In my side yard there’s a 36-foot foot cabin cruiser in obvious disrepair. It has sat there for some years, since I have solemnly vowed to not throw any more money at it. I’m the boat’s third local owner who paid $3,000 for the thing—a good deal less than either of my predecessors, but nonetheless I paid too much. I say so only because the boat is not seaworthy and needs more restoration than it is worth. I had a sense of that when I started out, but I didn’t plan to go yachting. I had in mind converting the hull into a cabin. I’m a sucker for clever ideas, especially my own. And either in my defense or as a good excuse, I have to say at first exam the project seemed to have hope. At deeper inspection I discovered that “bondo” and paint were cosmetic issues hiding deep problems.

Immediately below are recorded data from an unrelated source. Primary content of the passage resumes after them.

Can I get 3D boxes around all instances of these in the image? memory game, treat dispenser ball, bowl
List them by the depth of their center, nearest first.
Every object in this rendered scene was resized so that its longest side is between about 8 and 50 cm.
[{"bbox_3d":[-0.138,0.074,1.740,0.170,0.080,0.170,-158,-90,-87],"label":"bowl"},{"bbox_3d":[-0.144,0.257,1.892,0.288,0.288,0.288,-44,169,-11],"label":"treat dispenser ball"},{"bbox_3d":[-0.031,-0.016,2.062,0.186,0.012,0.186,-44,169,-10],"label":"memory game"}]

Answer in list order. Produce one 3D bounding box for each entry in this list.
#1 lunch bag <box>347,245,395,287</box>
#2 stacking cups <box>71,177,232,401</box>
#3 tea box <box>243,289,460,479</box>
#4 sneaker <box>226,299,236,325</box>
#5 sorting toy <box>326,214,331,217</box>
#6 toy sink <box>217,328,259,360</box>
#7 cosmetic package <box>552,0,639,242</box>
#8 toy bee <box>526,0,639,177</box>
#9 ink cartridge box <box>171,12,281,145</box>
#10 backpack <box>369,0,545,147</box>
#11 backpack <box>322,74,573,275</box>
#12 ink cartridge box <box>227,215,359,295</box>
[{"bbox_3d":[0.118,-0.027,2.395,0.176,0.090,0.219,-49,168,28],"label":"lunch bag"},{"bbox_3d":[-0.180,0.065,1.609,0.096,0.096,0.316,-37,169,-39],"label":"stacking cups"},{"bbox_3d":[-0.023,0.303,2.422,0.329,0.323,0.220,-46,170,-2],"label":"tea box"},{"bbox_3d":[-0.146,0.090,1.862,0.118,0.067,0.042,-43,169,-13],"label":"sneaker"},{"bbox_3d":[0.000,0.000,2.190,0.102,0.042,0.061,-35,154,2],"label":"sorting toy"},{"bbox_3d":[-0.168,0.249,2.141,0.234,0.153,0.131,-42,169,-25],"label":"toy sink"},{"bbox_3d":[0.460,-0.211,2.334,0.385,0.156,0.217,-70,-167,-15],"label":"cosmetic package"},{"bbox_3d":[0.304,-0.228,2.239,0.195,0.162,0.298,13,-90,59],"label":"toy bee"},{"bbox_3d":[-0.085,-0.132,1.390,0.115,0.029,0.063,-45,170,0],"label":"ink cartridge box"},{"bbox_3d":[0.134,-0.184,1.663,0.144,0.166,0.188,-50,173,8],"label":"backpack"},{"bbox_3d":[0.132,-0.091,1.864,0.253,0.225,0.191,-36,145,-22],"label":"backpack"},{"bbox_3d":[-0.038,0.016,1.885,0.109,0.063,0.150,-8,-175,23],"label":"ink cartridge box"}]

At a guess I’d say the wood hull, built around 1965, spent some years half-sunk and rolled on one side. This is not a good thing for any wooden boat, much less one that size. That assessment, sorry as it is, would seem to validate my decision to use the boat as a cabin. It is a good idea only until you try to do it. Then, in increments, you begin to see the unwanted and nasty reality of deeply penetrated rot, unstable decks, and spaces where you’re lucky to see a straight line go four feet before meeting a curve or obstruction. Many people love wooden boats, but they can be a horror to work on if your aim is to get it over with and done. Wooden boats full of curves and sweeping lines are no place for the circular saw to shine.

I won’t say how much I threw at the project before sanity grabbed me by the throat and yelled STOP. My father would use the term “squander” to describe almost any expense I ever undertook. In this case he’d be perfectly correct. It was a squander of resources because it became increasingly less fun as the full hopelessness of the plan sunk further home. Giving up on an idea is a difficult thing. I wanted it to work. I believed in it. It should have and could have worked, but unless I wanted far more cost and effort than the project was worth, the only rational choice was STOP NOW. WALK AWAY AND DO NOT RETURN.

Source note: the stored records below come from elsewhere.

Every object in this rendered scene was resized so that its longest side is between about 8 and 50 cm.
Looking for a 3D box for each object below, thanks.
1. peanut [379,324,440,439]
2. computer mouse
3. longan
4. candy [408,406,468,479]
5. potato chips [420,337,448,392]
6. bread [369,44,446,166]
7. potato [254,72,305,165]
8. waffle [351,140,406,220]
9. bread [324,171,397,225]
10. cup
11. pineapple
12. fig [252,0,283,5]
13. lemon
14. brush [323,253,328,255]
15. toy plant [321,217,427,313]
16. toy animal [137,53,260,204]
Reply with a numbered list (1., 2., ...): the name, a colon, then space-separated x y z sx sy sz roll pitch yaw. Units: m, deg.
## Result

I’m at the point now where even getting rid of the mistake involves considerably more cost. I’ve tried to sell or give away the boat, but it seems there wasn’t anyone dumber than me to pick up the broken lance to charge the castle wall. I thought of burning the dratted thing but had to factor in the god-awful air and soil pollution fines. It wasn’t worth it either to the environment or my finances. For several years now, the sole and only use I’ve had of the boat is as an example. A visitor will ask (because you can’t miss the ugly damn thing flaking paint in a grassy opening near the house) what it is. Whether they mean what type of boat or the half-done conversion doesn’t matter because my answer is the same for each. “That,” I say with emphatic certainty, “is a really good bad idea.” I sometimes add “It’s for sale” or “You can have it,” but neither has worked other than as humorous asides.

Good bad ideas are not an uncommon human ability. When the nation was formed, it seemed a good idea to let the sleeping dog of slavery lie undisturbed. But of course, this good idea was quite a bad one, as it only put off (delaying at the cost of much human suffering) an eventual reckoning. The “freedom” to own other human beings had to be revoked. Some will argue that we only went from physical to economic slavery, but I’d remind them it is quite a different thing if a mortgage company takes and sells you than if they take and sell your house.

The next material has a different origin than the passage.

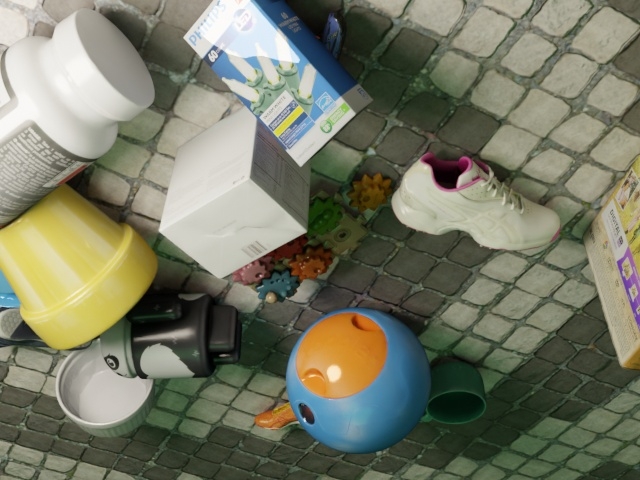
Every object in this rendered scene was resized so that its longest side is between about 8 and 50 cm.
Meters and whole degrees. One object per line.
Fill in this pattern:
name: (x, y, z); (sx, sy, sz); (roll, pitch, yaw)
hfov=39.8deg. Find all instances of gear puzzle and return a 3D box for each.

An unexpected (and likely unwanted by those who accomplished it) consequence of the Protestant Reformation was the growth of secular authority gradually rising in the aftermath. Ancient and longstanding tradition fell when the divine right of kings and sectarian church law were pulled down by civil or common laws. It was potent and dangerous stuff to rise against God’s law (as interpreted by self-serving humans) and replace it with human law that can be equally self-serving but at least has a hope of democratic control.

Good ideas can turn or be turned bad as well. Granting sovereignty and democracy to South Africa under the Boers is an example that shows a mix of human interpretations of supposedly God-given racial law, where the secular state is handed the weight of divine ordinance to become effectively theocratic. Really good bad ideas can be quite complex and devilish in their twists and turns. Note how we desiring peace and harmony on a plate of multicultural fare have yet to reckon with the consequences of separatist segregation replacing the melting pot. The melting pot has flaws, but it does emphasize what a diverse people have in common. The visible result of multicultural activity is the establishment of zones where each culture forms a turtle shell of separate identity that in many ways is quite hostile to any secular or outside authority. It is a bad good idea to take relativism to mean that all cultures are equal, when some of them clearly do not think or act so and will actively do harm to others as their mission or God-given right. That kind of cultural relativism is not equal to anything but big trouble. But then, if we’re already too cowardly or worried about upsetting others to assert and defend common humanist values, we end by default defending the rule of oppression.